Entries taken from a collection
━━━━━━━━━━

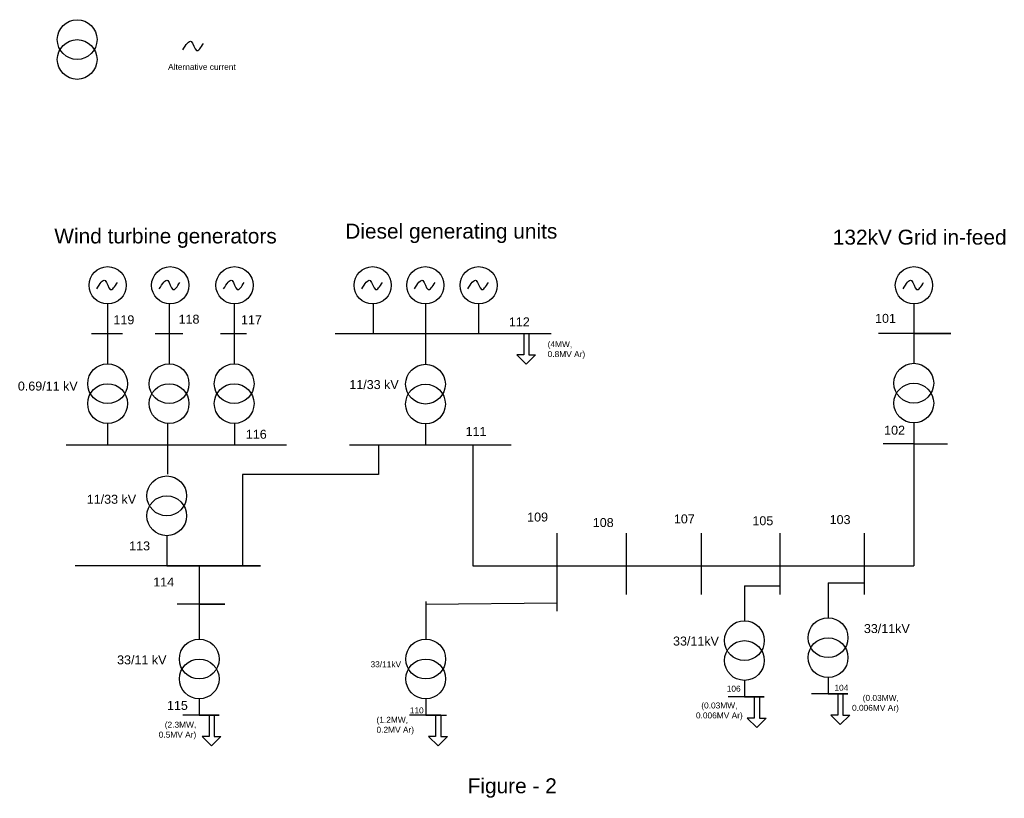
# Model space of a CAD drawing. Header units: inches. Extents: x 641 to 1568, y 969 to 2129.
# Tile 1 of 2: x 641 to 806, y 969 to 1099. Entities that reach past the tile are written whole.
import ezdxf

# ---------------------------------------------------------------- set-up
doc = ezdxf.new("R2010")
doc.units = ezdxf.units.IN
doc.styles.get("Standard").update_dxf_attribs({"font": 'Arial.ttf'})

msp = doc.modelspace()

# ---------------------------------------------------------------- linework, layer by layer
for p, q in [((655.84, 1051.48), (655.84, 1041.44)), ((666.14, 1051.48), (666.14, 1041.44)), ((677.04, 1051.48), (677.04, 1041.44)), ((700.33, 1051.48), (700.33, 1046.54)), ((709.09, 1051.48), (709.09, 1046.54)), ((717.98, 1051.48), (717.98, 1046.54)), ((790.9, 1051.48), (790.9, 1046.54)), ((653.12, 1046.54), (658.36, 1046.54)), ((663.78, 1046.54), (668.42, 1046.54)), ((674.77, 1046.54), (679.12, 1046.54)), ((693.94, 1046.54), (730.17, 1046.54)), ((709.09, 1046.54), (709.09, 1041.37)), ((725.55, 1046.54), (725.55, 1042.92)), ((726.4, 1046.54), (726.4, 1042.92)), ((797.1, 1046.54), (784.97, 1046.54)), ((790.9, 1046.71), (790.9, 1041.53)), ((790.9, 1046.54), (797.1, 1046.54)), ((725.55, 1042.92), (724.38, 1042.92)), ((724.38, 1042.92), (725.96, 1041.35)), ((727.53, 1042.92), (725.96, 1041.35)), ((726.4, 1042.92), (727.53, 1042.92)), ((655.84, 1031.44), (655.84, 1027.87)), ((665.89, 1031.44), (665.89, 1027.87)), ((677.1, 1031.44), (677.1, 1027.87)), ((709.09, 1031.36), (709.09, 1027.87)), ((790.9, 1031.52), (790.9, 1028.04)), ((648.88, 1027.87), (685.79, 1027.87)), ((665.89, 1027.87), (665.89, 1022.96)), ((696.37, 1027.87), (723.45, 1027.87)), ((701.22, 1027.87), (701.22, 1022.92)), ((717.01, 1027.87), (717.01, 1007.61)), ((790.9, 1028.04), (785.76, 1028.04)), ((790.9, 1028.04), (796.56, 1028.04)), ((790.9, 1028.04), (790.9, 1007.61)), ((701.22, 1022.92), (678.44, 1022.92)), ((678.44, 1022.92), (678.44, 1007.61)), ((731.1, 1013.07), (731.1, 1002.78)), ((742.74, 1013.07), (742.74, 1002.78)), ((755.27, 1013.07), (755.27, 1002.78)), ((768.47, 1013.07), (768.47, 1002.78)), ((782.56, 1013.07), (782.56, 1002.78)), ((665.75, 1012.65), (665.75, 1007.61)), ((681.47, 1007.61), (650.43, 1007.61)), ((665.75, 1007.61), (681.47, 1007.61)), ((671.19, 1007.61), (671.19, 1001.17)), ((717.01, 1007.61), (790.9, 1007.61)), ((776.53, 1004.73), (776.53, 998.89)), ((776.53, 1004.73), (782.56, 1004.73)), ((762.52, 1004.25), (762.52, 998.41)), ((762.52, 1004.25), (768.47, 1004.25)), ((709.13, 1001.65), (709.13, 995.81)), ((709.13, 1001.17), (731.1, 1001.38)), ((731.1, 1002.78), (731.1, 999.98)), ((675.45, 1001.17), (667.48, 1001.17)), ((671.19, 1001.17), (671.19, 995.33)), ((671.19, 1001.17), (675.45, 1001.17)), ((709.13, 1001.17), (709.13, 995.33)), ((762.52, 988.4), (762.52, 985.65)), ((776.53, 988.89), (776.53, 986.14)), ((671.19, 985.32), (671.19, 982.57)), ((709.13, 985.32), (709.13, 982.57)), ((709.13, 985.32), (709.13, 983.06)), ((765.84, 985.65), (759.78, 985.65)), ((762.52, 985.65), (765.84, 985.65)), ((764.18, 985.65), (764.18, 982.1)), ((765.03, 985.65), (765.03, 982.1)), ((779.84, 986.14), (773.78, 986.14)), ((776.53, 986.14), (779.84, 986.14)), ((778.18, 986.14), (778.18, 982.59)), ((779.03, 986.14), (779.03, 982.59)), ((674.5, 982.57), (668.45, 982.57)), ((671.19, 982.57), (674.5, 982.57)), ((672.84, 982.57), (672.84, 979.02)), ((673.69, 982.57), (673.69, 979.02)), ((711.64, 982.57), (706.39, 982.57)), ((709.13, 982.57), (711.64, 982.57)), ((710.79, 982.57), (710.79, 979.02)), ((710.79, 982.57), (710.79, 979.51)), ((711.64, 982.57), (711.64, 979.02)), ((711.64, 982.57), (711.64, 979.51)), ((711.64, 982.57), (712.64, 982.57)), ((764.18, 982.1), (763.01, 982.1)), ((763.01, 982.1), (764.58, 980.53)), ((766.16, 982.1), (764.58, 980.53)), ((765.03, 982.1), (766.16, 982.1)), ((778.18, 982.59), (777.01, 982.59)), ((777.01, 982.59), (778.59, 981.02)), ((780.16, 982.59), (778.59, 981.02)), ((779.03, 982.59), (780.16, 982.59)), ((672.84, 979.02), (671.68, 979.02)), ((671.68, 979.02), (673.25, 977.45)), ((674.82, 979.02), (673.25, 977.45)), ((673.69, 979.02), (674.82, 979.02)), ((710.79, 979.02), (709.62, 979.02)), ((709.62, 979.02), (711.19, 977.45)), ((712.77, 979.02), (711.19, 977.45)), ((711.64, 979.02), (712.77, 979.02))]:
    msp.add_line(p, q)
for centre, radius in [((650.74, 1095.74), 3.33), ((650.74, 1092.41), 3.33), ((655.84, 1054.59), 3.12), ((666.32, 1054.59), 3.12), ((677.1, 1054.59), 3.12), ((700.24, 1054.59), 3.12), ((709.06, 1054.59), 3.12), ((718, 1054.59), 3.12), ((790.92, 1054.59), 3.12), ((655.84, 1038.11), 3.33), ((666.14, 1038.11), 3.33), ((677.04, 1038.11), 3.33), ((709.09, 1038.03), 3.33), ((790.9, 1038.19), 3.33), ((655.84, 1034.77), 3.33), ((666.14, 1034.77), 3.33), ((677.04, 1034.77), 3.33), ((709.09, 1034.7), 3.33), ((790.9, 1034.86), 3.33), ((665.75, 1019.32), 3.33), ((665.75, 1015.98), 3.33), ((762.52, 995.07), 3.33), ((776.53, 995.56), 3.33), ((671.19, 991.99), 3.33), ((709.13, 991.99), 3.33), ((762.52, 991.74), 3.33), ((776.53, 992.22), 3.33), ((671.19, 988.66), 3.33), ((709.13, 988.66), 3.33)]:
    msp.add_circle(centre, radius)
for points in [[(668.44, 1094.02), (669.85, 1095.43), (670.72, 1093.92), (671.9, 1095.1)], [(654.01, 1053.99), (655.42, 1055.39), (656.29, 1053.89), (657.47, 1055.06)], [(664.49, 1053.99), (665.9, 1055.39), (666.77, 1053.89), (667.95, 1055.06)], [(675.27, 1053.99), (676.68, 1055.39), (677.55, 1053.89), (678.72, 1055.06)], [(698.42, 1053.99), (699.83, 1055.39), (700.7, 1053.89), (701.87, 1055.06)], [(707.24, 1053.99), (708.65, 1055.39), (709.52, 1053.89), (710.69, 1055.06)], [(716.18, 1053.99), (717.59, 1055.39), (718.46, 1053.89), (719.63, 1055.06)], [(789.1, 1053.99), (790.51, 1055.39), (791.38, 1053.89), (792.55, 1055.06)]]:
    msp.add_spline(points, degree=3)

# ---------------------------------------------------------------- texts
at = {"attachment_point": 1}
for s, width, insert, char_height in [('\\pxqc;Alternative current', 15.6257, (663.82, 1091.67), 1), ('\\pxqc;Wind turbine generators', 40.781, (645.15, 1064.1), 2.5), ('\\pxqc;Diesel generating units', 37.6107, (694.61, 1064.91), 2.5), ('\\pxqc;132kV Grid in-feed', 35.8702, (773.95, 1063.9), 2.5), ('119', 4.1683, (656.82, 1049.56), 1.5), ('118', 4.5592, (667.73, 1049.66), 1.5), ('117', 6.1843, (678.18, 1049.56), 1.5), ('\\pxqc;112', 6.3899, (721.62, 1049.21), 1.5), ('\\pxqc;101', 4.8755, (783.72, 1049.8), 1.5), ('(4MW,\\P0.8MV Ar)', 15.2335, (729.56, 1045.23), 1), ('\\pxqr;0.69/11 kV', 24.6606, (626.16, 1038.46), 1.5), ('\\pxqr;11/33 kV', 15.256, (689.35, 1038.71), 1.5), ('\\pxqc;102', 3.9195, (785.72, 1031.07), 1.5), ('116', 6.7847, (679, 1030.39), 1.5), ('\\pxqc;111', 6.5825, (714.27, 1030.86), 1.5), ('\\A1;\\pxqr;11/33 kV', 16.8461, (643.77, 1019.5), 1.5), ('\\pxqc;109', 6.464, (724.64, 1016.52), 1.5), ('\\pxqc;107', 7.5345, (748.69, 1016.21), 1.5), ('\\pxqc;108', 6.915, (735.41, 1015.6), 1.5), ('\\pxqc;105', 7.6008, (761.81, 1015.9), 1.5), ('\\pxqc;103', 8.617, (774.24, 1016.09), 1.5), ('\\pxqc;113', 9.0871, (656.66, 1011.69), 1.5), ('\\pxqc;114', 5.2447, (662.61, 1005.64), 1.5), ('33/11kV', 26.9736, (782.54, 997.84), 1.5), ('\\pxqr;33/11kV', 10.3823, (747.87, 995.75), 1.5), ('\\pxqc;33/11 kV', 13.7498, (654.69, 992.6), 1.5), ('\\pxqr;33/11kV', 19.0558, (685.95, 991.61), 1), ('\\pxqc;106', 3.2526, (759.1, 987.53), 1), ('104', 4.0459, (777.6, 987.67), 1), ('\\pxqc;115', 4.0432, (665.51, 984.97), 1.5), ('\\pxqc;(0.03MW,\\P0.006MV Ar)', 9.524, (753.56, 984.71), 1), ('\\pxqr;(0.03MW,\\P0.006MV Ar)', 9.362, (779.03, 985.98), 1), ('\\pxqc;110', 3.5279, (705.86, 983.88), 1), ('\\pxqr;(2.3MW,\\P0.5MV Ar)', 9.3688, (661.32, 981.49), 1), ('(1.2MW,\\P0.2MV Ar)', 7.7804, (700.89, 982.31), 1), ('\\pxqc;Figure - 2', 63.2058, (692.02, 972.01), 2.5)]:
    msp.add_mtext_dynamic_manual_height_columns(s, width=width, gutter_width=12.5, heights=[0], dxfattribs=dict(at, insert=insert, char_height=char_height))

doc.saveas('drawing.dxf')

━━━━━━━━━━

Work task:
The required output is every line above from the one with "import ezdxf" down to the one with "msp = doc.modelspace()", restated word for word, ends included.

Response to the exercise:
import ezdxf

# ---------------------------------------------------------------- set-up
doc = ezdxf.new("R2010")
doc.units = ezdxf.units.IN
doc.styles.get("Standard").update_dxf_attribs({"font": 'Arial.ttf'})

msp = doc.modelspace()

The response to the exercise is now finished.